• _Work to be completed_
Reproduce the entries in full and exactly. Pictures stay out.

*** Records ***

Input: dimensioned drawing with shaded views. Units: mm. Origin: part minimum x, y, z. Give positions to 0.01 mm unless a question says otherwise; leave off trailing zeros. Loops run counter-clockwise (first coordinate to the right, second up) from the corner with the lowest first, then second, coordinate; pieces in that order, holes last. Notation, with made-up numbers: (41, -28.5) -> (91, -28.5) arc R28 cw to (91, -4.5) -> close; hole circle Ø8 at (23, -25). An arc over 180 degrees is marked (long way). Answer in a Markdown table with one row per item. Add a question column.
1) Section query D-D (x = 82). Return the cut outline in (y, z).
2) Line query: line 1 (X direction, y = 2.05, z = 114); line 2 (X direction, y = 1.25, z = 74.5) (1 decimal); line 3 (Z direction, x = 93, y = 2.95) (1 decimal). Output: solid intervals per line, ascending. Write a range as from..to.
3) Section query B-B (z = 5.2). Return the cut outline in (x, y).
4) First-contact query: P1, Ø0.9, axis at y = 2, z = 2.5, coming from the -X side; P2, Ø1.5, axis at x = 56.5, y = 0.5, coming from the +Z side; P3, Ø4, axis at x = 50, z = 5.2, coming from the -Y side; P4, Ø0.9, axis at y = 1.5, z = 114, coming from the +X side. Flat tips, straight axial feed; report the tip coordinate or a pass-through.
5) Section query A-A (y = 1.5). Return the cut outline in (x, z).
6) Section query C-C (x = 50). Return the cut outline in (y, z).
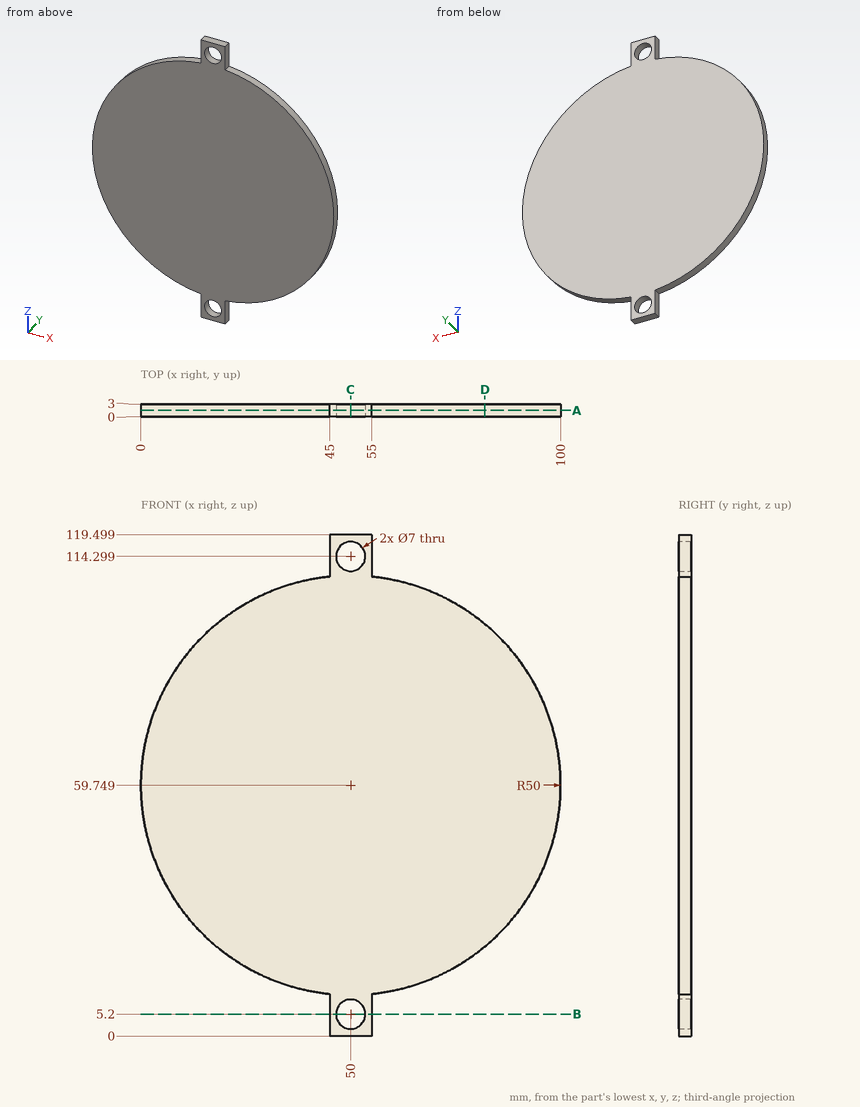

***

• _Response_
Input: dimensioned drawing with shaded views. Units: mm. Origin: part minimum x, y, z. Give positions to 0.01 mm unless a question says otherwise; leave off trailing zeros. Loops run counter-clockwise (first coordinate to the right, second up) from the corner with the lowest first, then second, coordinate; pieces in that order, holes last. Notation, with made-up numbers: (41, -28.5) -> (91, -28.5) arc R28 cw to (91, -4.5) -> close; hole circle Ø8 at (23, -25). An arc over 180 degrees is marked (long way). Answer in a Markdown table with one row per item. Add a question column.
1) Section query D-D (x = 82). Return the cut outline in (y, z).
2) Line query: line 1 (X direction, y = 2.05, z = 114); line 2 (X direction, y = 1.25, z = 74.5) (1 decimal); line 3 (Z direction, x = 93, y = 2.95) (1 decimal). Output: solid intervals per line, ascending. Write a range as from..to.
3) Section query B-B (z = 5.2). Return the cut outline in (x, y).
4) First-contact query: P1, Ø0.9, axis at y = 2, z = 2.5, coming from the -X side; P2, Ø1.5, axis at x = 56.5, y = 0.5, coming from the +Z side; P3, Ø4, axis at x = 50, z = 5.2, coming from the -Y side; P4, Ø0.9, axis at y = 1.5, z = 114, coming from the +X side. Flat tips, straight axial feed; report the tip coordinate or a pass-through.
5) Section query A-A (y = 1.5). Return the cut outline in (x, z).
6) Section query C-C (x = 50). Return the cut outline in (y, z).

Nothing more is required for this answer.